Water can easily travel down the spaces between these sheets (Figure 7). Changes in the biotite’s color are often evidence that water has seeped between the sheets. That’s the key to the creationist explanation for polonium radiohalos.
When granites crystallize and are cooling, hot waters are left over. This water is capable of seeping along the spaces between the stacked sheets of biotite. As they pass by the zircon, these waters could dissolve any radon-222 atoms that had leaked out of the zircon crystals and transport them between the sheets of the biotite flake.
Though they are very tiny, polonium radiohalos have a huge message that cannot be ignored.

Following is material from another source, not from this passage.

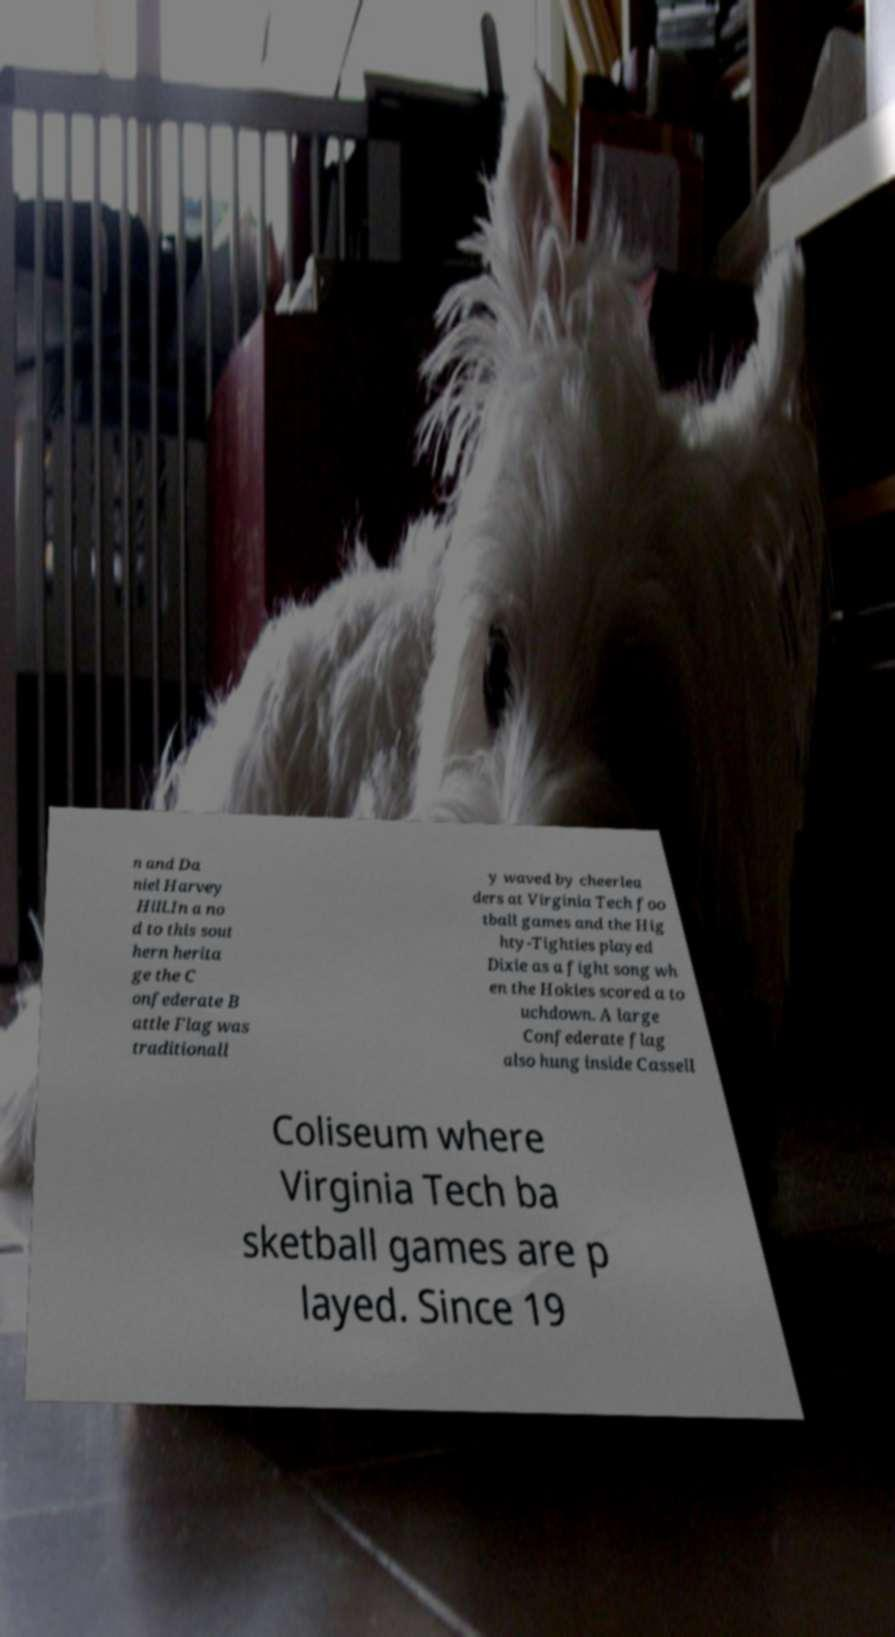There's text embedded in this image that I need extracted. Can you transcribe it verbatim? n and Da niel Harvey Hill.In a no d to this sout hern herita ge the C onfederate B attle Flag was traditionall y waved by cheerlea ders at Virginia Tech foo tball games and the Hig hty-Tighties played Dixie as a fight song wh en the Hokies scored a to uchdown. A large Confederate flag also hung inside Cassell Coliseum where Virginia Tech ba sketball games are p layed. Since 19

Radon-222 atoms are chemically inert (they do not combine with other atoms). But once they decay, the newly formed polonium-218 atoms would readily combine with other atoms, such as chlorine or sulfur atoms that had dissolved in the hot water and were flowing between the biotite sheets. Polonium chlorides and polonium sulphides don’t dissolve well in water, so as soon as the polonium combines with these other atoms, the molecules drop out of the water. There the polonium would start forming polonium radiohalos.
The water would continue to move many radon-222 atoms past the forming radiocenters, providing a continual supply of new polonium atoms.
Ever since a geologist dismissed this evidence of the Flood, calling it “a very tiny mystery” at a 1981 trial on teaching creationism in Arkansas schools,6 scientists have ignored this mystery. The problem is that secular geologists believe the host granites took millions of years to form, but the process had to be much faster—only hours or weeks—for polonium radiohalos to appear. They shouldn’t exist, according to conventional wisdom! The next and final article will look at the profound implications for all of geology.
Though they are very tiny, polonium radiohalos have a huge message that cannot be ignored. These amazing testimonies to the Flood are found in granites all around the world. And they point to a catastrophic origin for granites, consistent with the biblical timeframe for earth history and God’s judgment during the Flood.